Während sich zuhause....
..... das Wasser über Terrassenmöbel, Fenster und in den Garten ergoss. Nicht weil das befürchtete lokale Blitzgewitter niederging. Nein, weil der Alte Egon, in seiner Faszination und der ganzen Aufregung mit dem Eichkatzl, vergessen hatte, den Wasserschlauch, mit dem er einige empfindliche Pflanzen gegossen, richtig abzudrehen.

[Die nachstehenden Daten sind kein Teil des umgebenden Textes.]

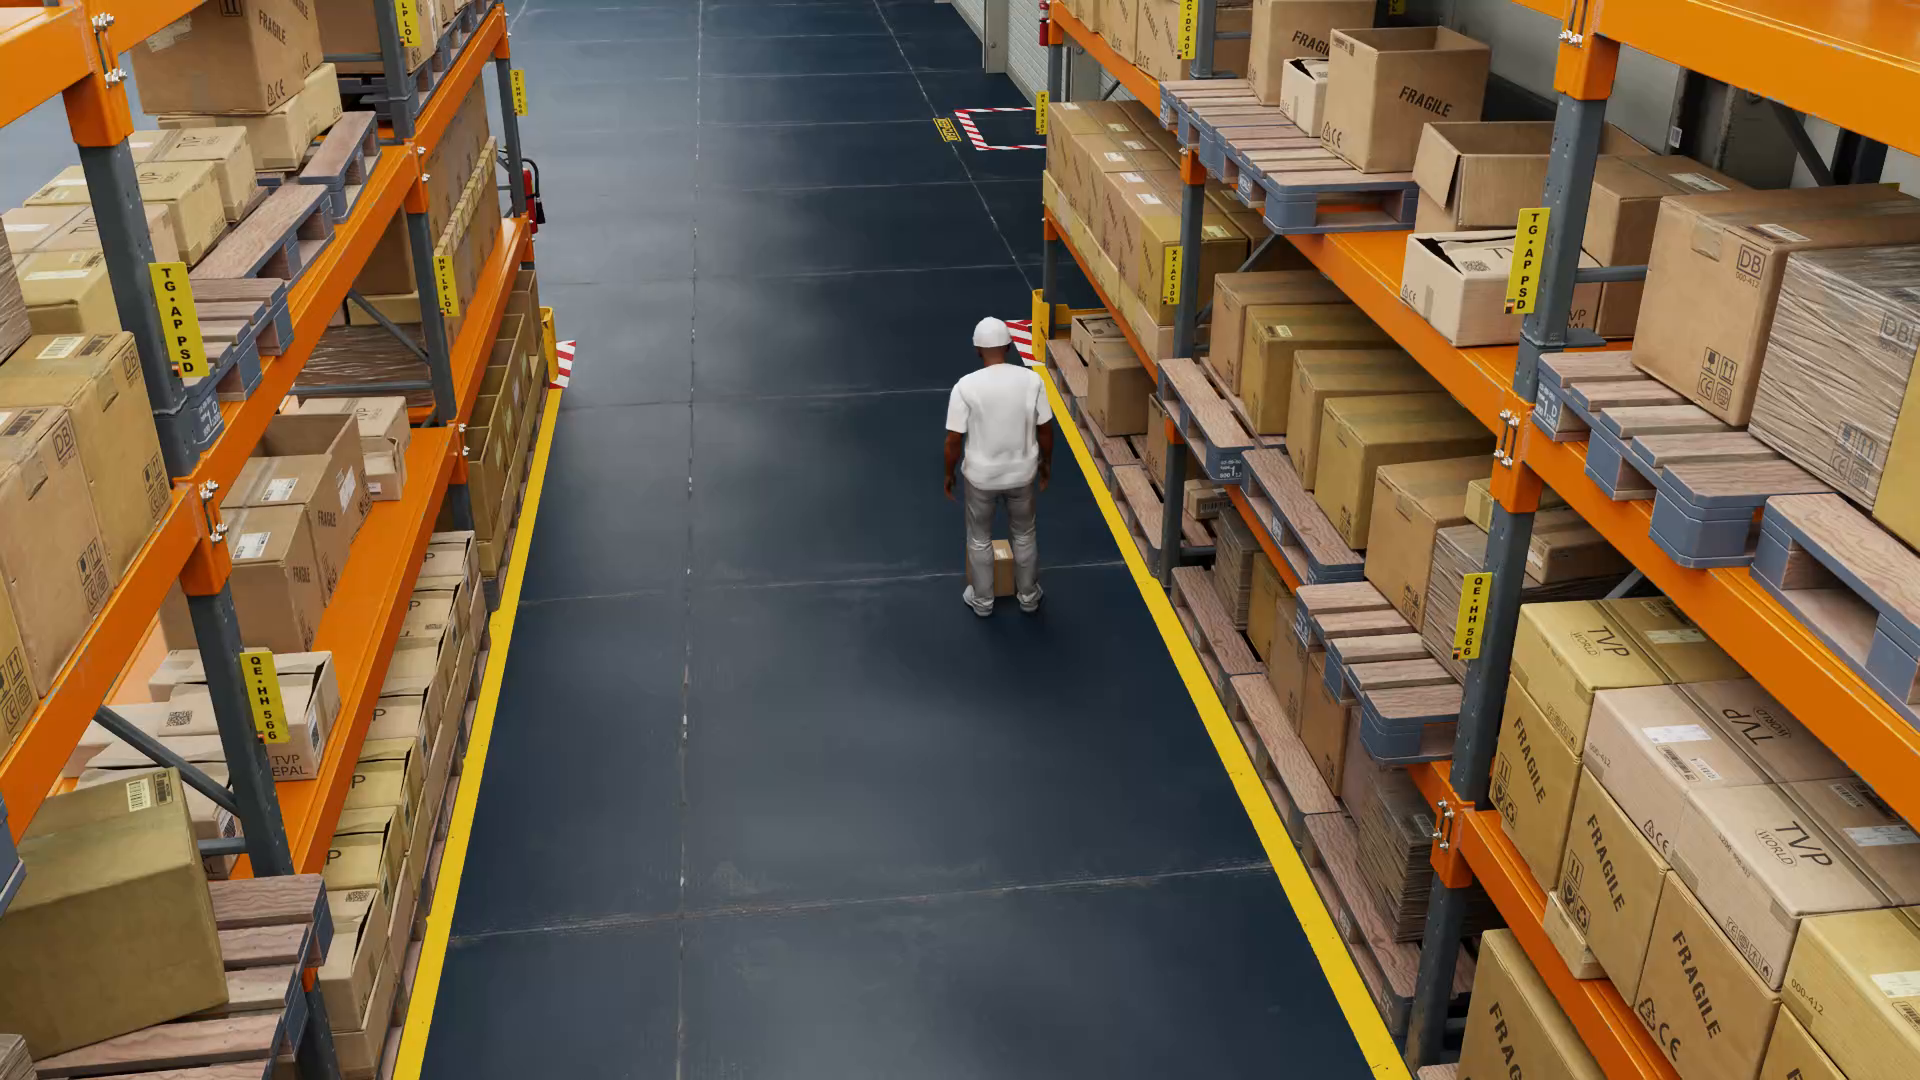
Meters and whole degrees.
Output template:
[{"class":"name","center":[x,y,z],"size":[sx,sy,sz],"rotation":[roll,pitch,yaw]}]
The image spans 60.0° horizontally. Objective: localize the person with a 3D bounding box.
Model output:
[{"class":"person","center":[0.213,-0.398,9.380],"size":[0.634,1.760,0.460],"rotation":[-5,27,-10]}]
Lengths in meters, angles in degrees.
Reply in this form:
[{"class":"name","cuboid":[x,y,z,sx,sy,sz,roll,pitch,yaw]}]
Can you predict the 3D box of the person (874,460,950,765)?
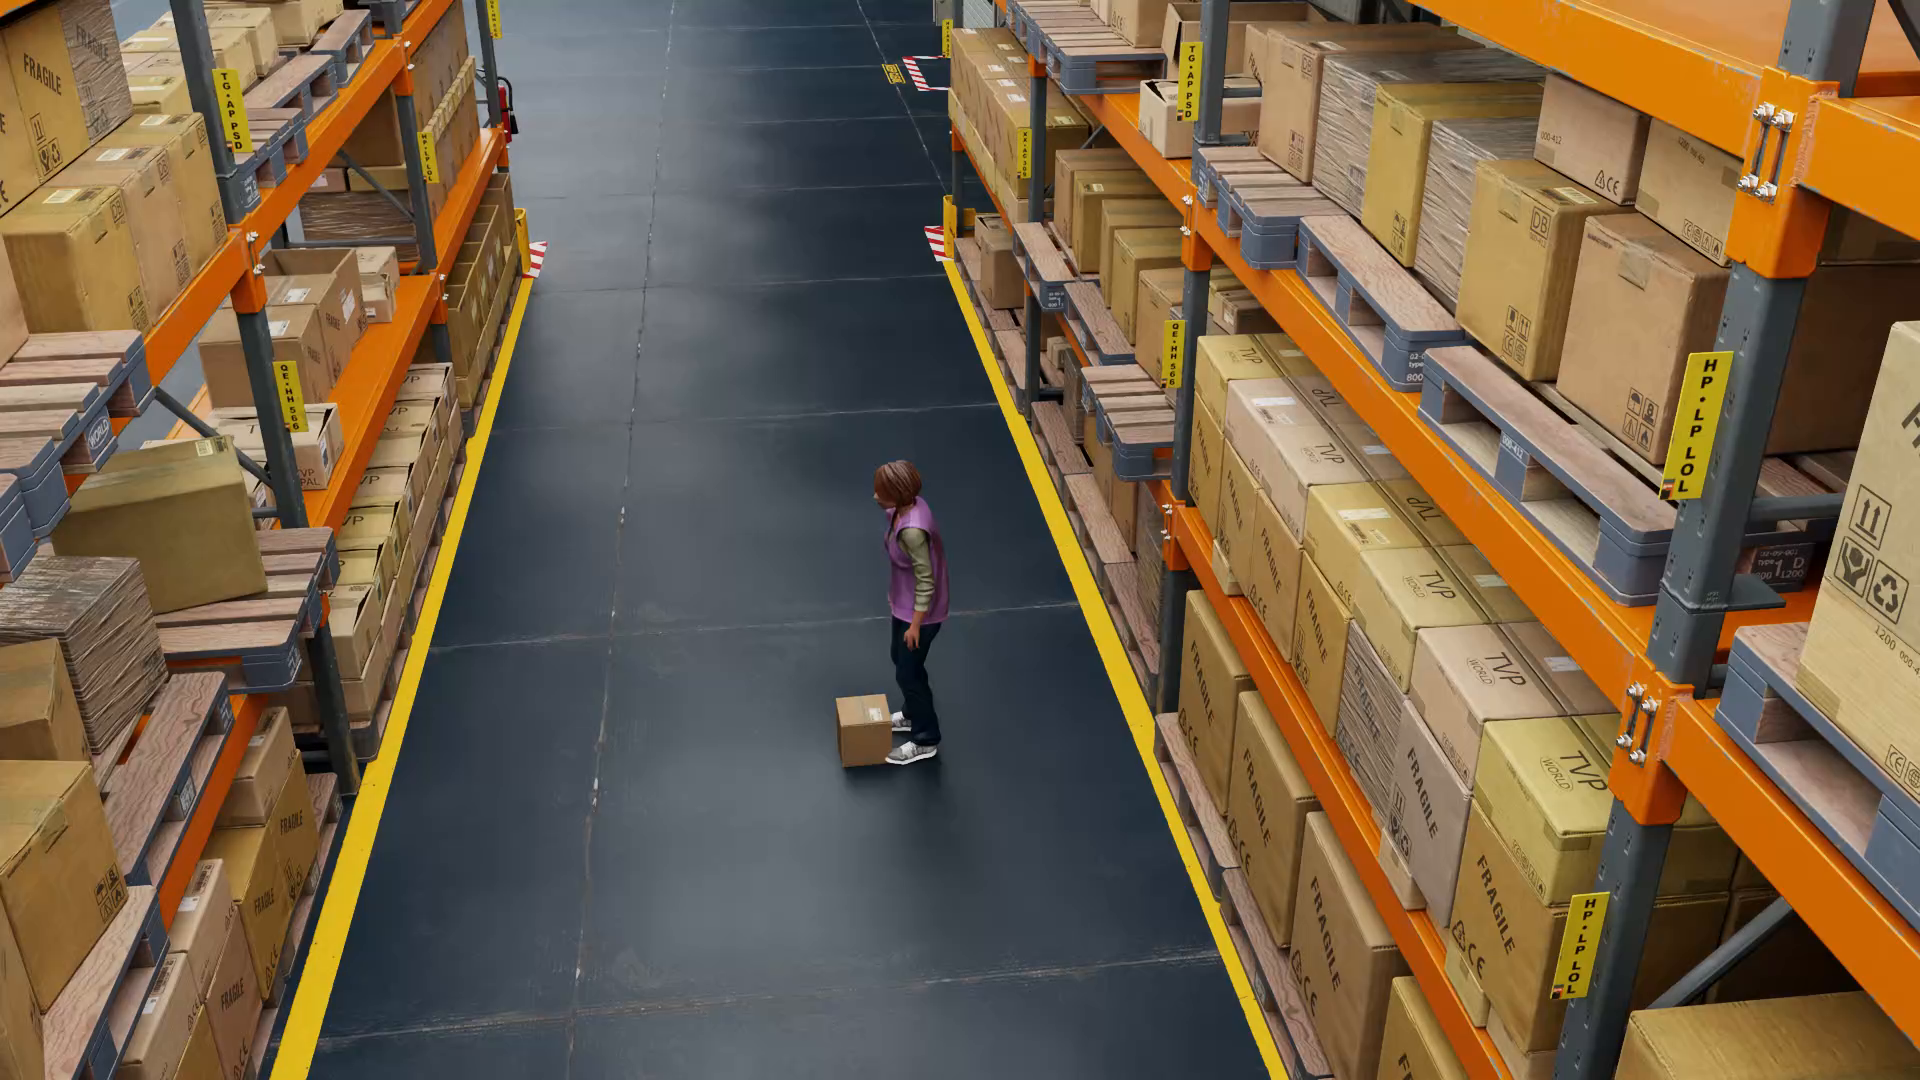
[{"class":"person","cuboid":[-0.234,0.334,7.991,0.343,1.593,0.485,-5,28,-10]}]
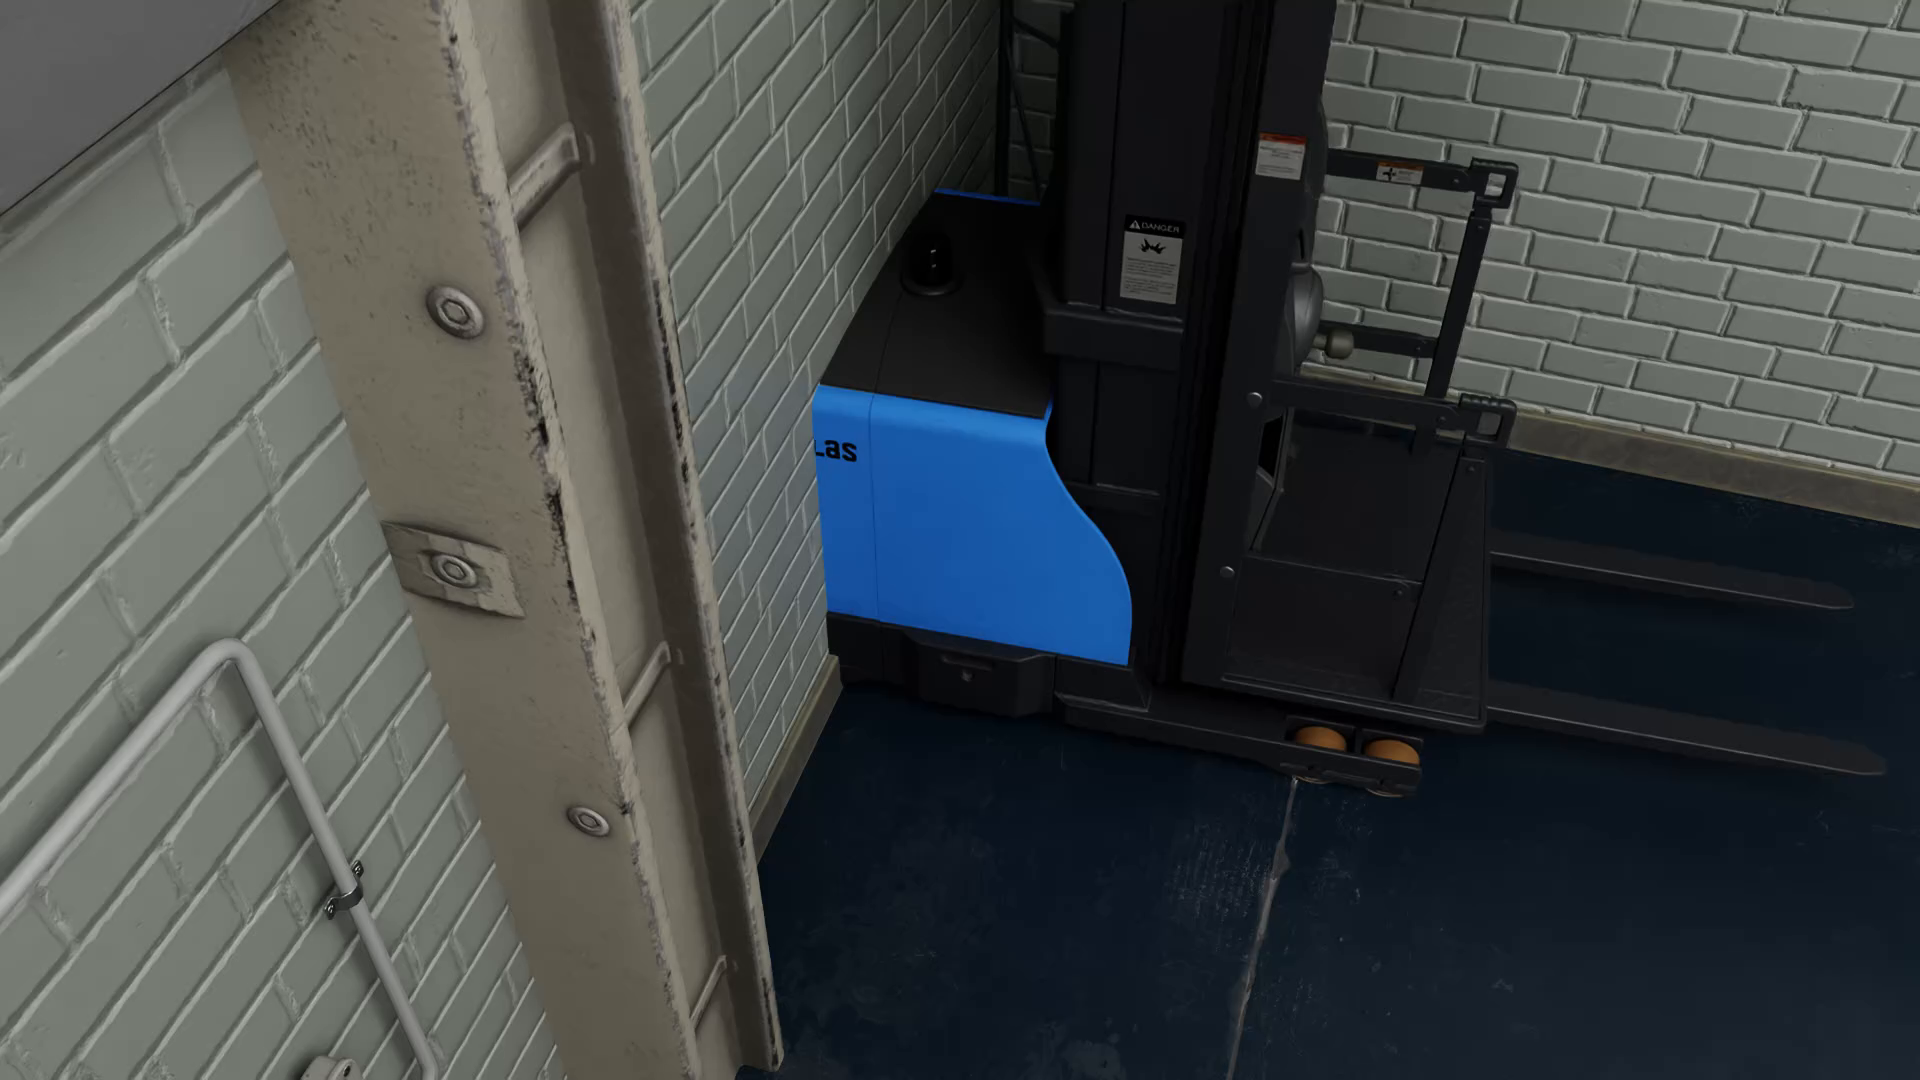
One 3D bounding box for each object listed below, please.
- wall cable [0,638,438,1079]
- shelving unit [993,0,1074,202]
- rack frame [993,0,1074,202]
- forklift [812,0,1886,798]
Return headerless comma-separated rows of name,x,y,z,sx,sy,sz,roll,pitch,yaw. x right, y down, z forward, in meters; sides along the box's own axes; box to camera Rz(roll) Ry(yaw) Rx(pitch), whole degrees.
wall cable,-1.133,0.823,1.538,0.084,1.984,1.851,13,46,13
shelving unit,-0.270,-0.805,4.890,1.083,1.500,0.587,-9,31,-18
rack frame,0.200,-0.878,5.043,0.032,1.500,0.500,-9,31,-18
forklift,1.010,-0.759,3.930,3.031,2.935,1.130,10,45,10
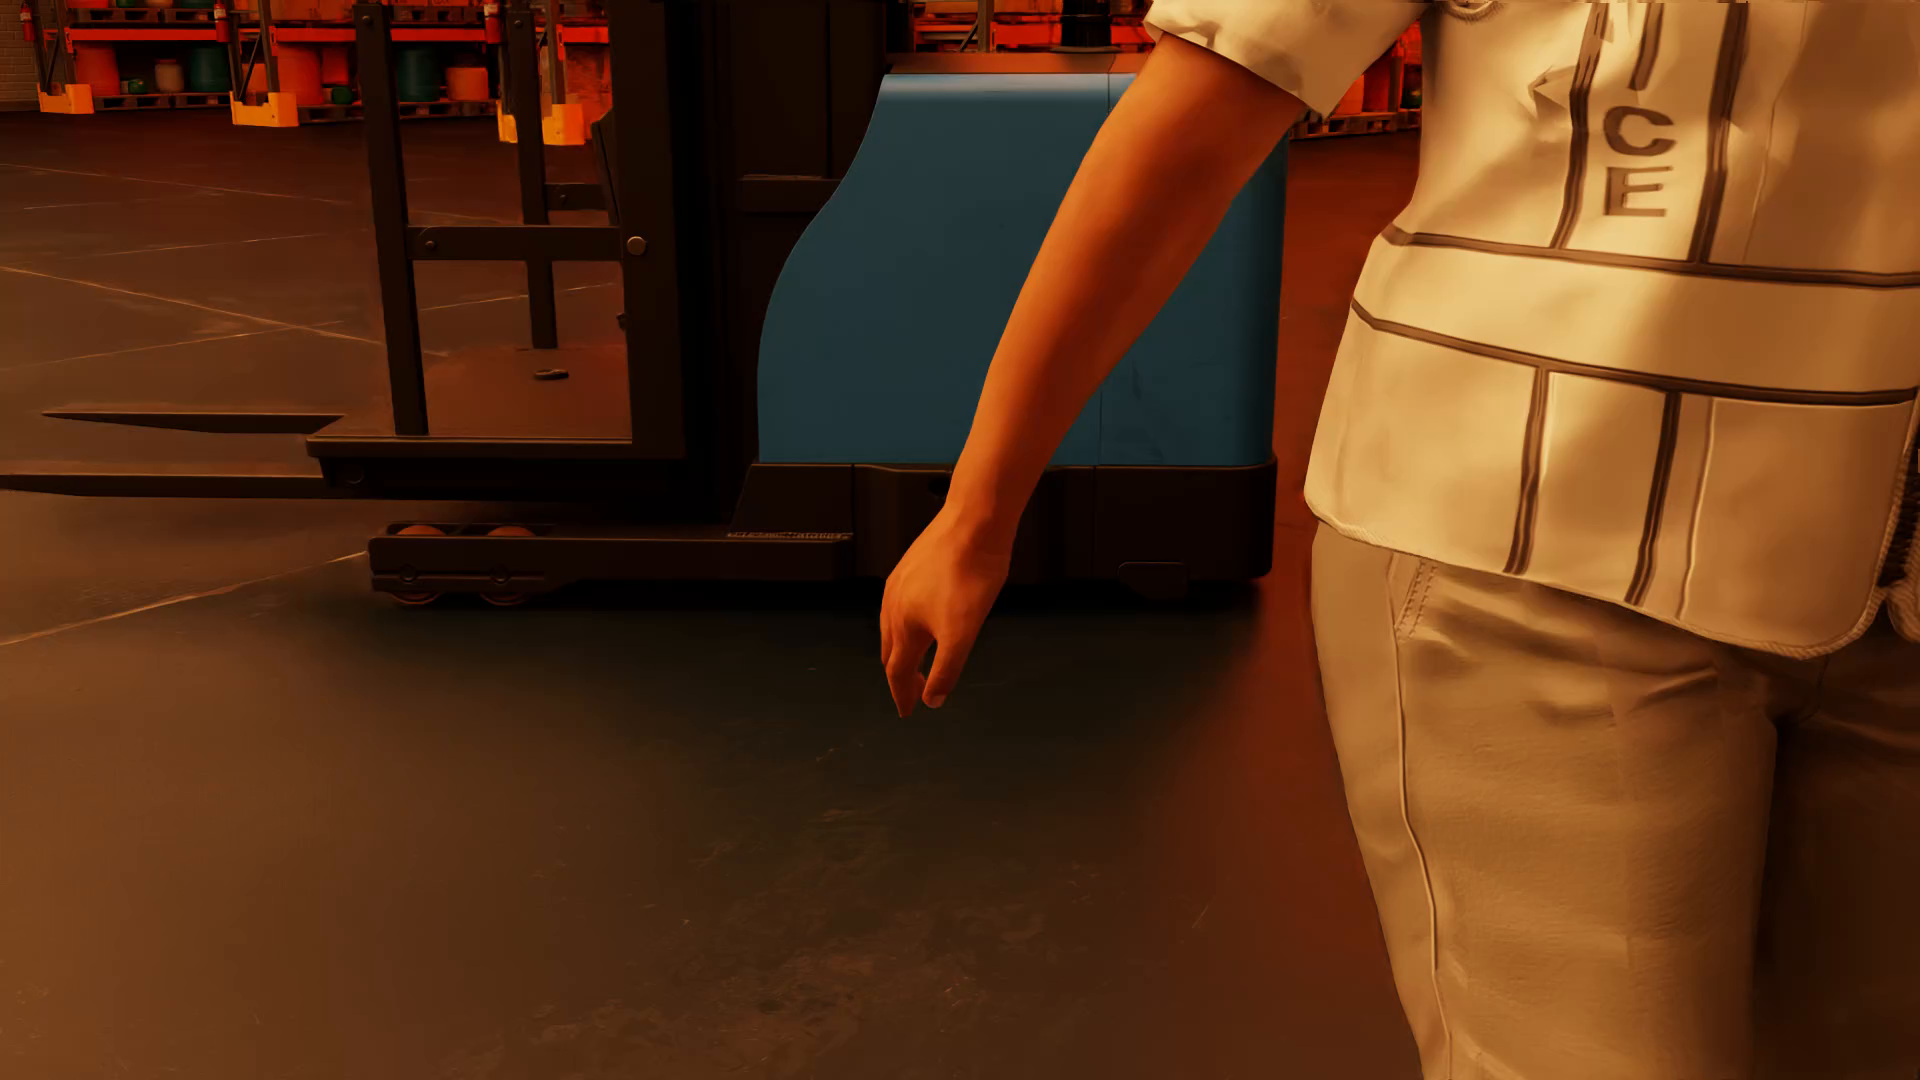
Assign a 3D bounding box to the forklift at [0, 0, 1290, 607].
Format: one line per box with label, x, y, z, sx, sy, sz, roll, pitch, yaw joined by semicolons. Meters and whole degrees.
forklift;-0.842;-1.416;3.560;3.031;2.935;1.130;1;17;2

Nachdem der Wasserdruck im Schlauch zu groß geworden, machte der Schlauch sich irgendwie selbstständig und tanzte auf der Terrasse über den Möbeln herum, weil der ihn dort sinnigerweise hingehängt hatte.
„Mal eben“….
Zuguterletzt:
Nicht dass Sie denken, dieses Blog mutiert nun zu einem Tier-Blog. Doch manchmal häufen sich die tierischen Ereignisse.